Small Business Example: Retail Shop with POS and Cloud Accounting

Consider a small retail store that uses a cloud POS, a local Windows server for inventory, and cloud accounting. Scope includes POS terminals, the inventory server, admin accounts, and cloud accounts. During the gap analysis you might find: no MFA on the cloud accounting admin, local admin accounts shared across staff, no periodic access review, and incomplete logs. Evidence to collect: cloud IAM console screenshots showing account settings, Windows event logs for administrative actions saved to a central syslog, and the documented process for provisioning/deprovisioning employees. Remediations could include enabling MFA for all cloud admins, creating unique local admin accounts managed via LAPS (Local Administrator Password Solution), running quarterly access reviews, and forwarding logs to a managed SIEM or cloud log archive with a 12-month retention to meet national law requirements.

Technical Details and Evidence Examples

Technical artifacts auditors look for include: configuration exports (e.g., iptables/nft rules, firewall rule set), MFA enforcement screenshots from identity providers, AD or LDAP group membership exports, scheduled task lists, patch management reports showing CVE IDs and patch dates, vulnerability scan reports, and SIEM queries showing alerting rules. For encryption and backups, provide key management documentation, ciphertext samples (metadata only), and backup job success logs with retention timestamps. Always keep a chain-of-evidence file naming convention (YYYYMMDD_system_artifact) and ensure timestamps line up with remediation dates.

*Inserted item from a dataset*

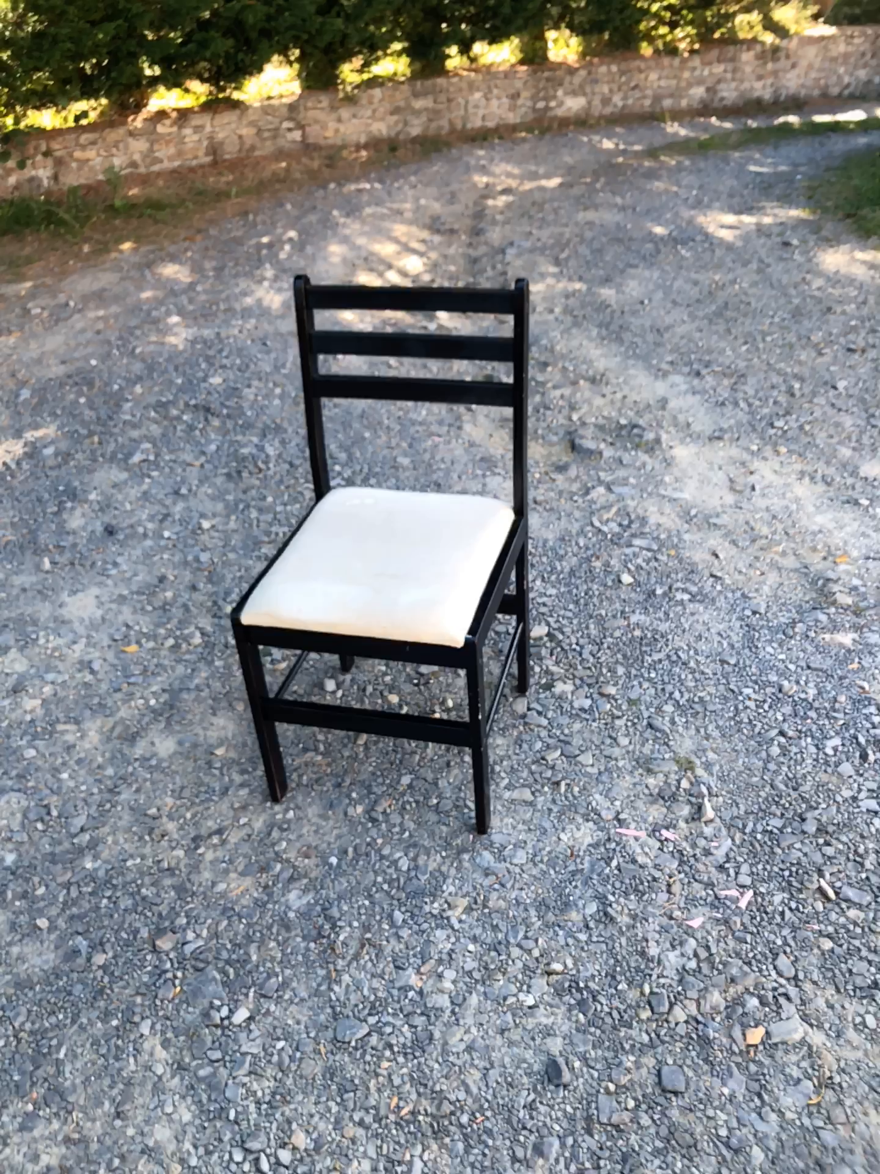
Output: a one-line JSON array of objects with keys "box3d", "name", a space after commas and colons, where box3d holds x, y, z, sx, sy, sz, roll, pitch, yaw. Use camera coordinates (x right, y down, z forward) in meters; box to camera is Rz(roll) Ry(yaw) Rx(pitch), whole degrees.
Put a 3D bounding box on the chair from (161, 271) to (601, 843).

Risks of Not Implementing Control 1-7-1

Failure to implement Control 1-7-1 and the mapped national law obligations can lead to tangible risks: regulatory fines, mandatory breach notifications, suspension of business operations, loss of customer trust, civil lawsuits, and in some jurisdictions, criminal liability for negligent data protection. Operationally, weak access controls increase risk of unauthorized access, ransomware spread via privileged accounts, and exfiltration of sensitive data. For small businesses, a single breach can be existential due to remediation costs and reputational damage.

Compliance Tips and Best Practices

Practical tips to make your gap analysis and remediation program effective:

  • Automate evidence collection where possible (scheduled exports from IAM consoles, weekly vulnerability scan exports).
  • Use a pragmatic retention policy aligned to national law — store logs in an immutable storage tier if required by statute.
  • Assign clear owners and SLA-driven timelines for remediation; use a ticketing system (Jira/Trello) synced to the mapping spreadsheet.
  • Keep a remediation playbook for common fixes (enable MFA, implement account uniqueness, apply vendor patches) so technicians can act quickly.
  • Run periodic internal audits and tabletop exercises that reference your gap analysis to test evidence sufficiency and incident response linkage.

Summary: Performing a gap analysis against ECC – 2 : 2024 Control 1-7-1 is a sequence of scoping, mapping, evidence collection, scoring, and prioritized remediation that aligns technical controls to legal requirements. For small businesses, the emphasis should be on realistic scope, clear ownership, automation of evidence, and quick wins (MFA, unique accounts, patching) to reduce exposure. With a documented mapping matrix, objective scoring rubric, and retained evidence, you can demonstrate compliance to auditors and meet national law obligations while reducing real operational risk.